Durante séculos também, o corpo foi entendido como o lugar do sofrimento, precariedade terrena, imperfeição e infelicidade; o espírito, a possibilidade de elevação da miséria, do culto ao que há de mais divino em nós. Era a maneira de ultrapassar os limites da morte e do cultivo de uma eternidade, não necessariamente aquela do reino divino, mas, sobretudo, daquela que restaria, por meio da história, entre os homens.

Nos dias que são os nossos o conhecimento não goza mais do mesmo status. Adão e Eva seriam figuras altamente improváveis; quem trocaria o paraíso pelo conhecimento? Ou ainda, quem acredita que o acesso ao paraíso depende do processo conhecimento? Muito mais provavelmente, em sintonia com as coordenadas da contemporaneidade, ouve-se, sobre o acesso ao paraíso, que ele depende do produto diploma.

Mesmo a convicção no poder das Luzes e do esclarecimento perdeu fôlego e a promessa sustentada tacitamente de que o conhecimento científico viria oferecer um conforto equivalente ao que a palavra divina tinha podido oferecer por séculos, visivelmente não se sustentou, como mostram, entre outras coisas, a recrudescência do empuxo à religião e o receio sempre à espreita de que com os próprios objetos criados pela ciência venhamos a dar fim na humanidade.
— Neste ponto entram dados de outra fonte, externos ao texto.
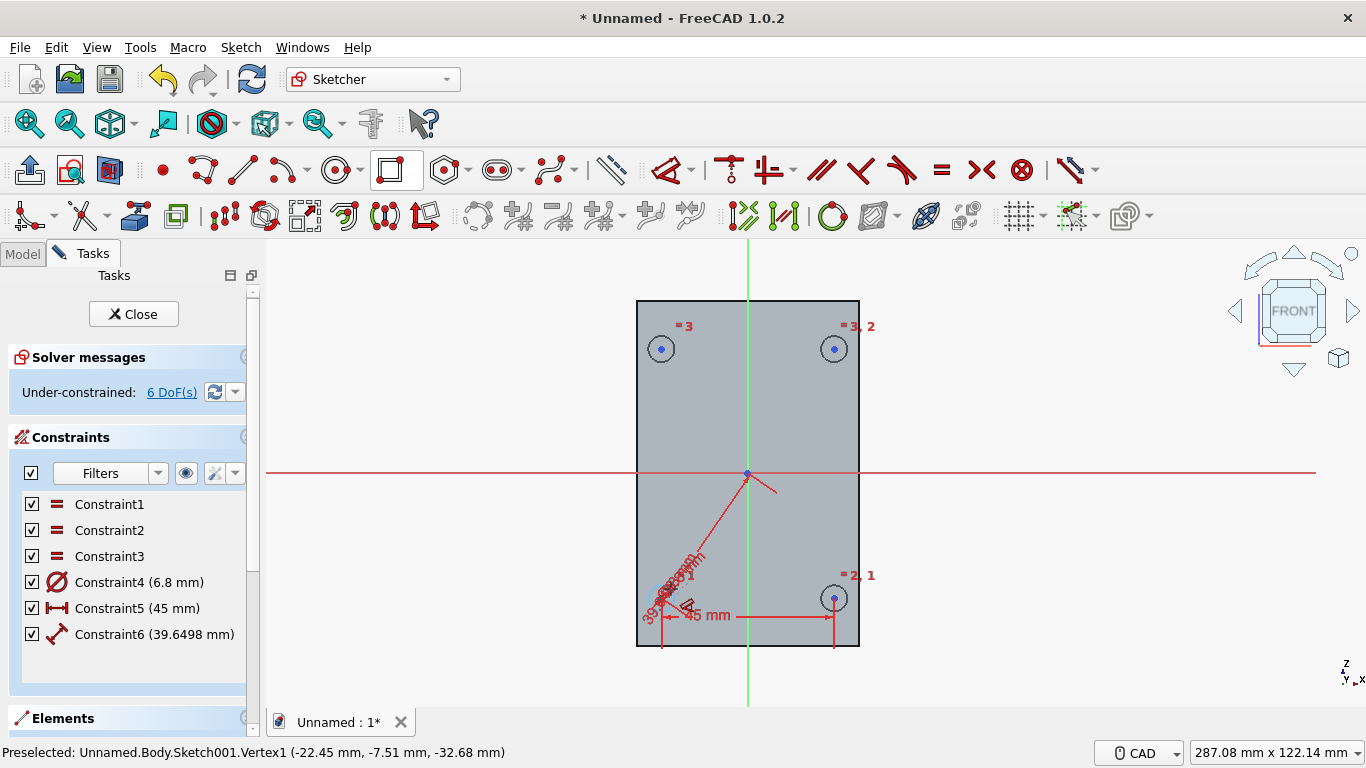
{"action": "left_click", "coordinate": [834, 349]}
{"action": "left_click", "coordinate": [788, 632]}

A própria ciência perdeu o atrativo enquanto saber emancipatório para tornar-se, sobretudo, um meio de concretizar objetos para o consumo. Ela que já tinha sido atraente por suas descobertas revolucionárias, por sua capacidade de girar o mundo, reflete mais, hoje em dia, a imagem de um saber do tipo "super interessante". Dela não se espera mais a revolução, mas o conforto.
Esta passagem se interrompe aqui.